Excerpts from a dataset
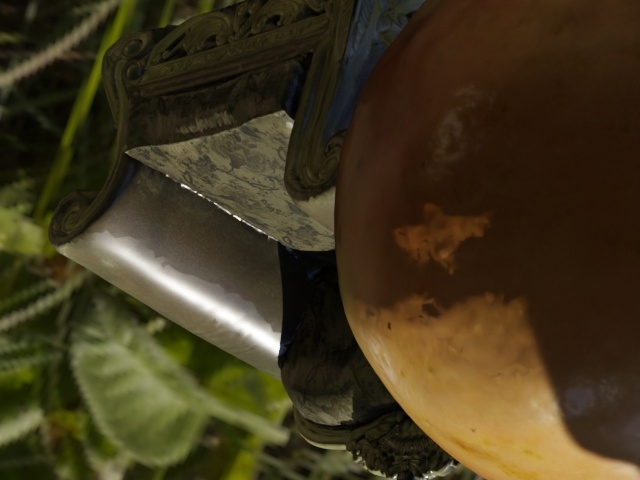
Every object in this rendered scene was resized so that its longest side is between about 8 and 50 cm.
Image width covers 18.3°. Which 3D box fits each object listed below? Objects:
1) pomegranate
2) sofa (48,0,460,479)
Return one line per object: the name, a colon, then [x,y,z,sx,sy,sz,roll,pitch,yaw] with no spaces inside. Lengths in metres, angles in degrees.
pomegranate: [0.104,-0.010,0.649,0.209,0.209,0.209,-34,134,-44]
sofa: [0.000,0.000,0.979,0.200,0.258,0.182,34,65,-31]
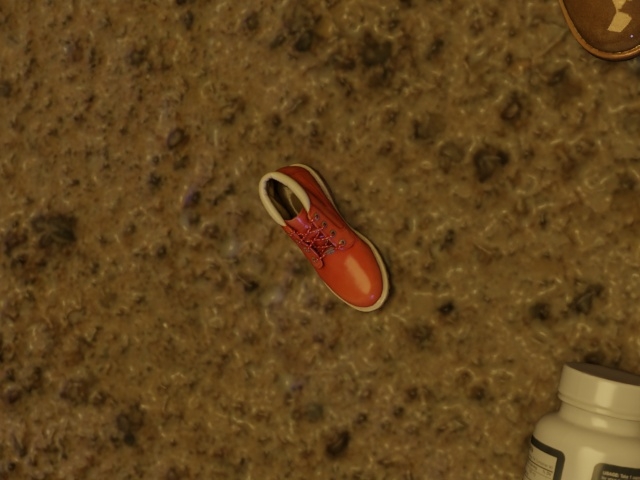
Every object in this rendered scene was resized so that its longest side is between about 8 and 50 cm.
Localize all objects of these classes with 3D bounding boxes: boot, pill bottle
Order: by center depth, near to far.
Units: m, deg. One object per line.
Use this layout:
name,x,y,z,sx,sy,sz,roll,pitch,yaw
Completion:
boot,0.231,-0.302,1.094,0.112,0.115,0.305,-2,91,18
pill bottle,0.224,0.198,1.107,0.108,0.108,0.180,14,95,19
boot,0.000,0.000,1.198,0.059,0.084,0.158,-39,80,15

-- Exercise aim --
Repeat exactly the lines from the line containing "Units: m, deg. One object per line." through the last line of the records above, including both, and nothing else.

-- Task response --
Units: m, deg. One object per line.
Use this layout:
name,x,y,z,sx,sy,sz,roll,pitch,yaw
Completion:
boot,0.231,-0.302,1.094,0.112,0.115,0.305,-2,91,18
pill bottle,0.224,0.198,1.107,0.108,0.108,0.180,14,95,19
boot,0.000,0.000,1.198,0.059,0.084,0.158,-39,80,15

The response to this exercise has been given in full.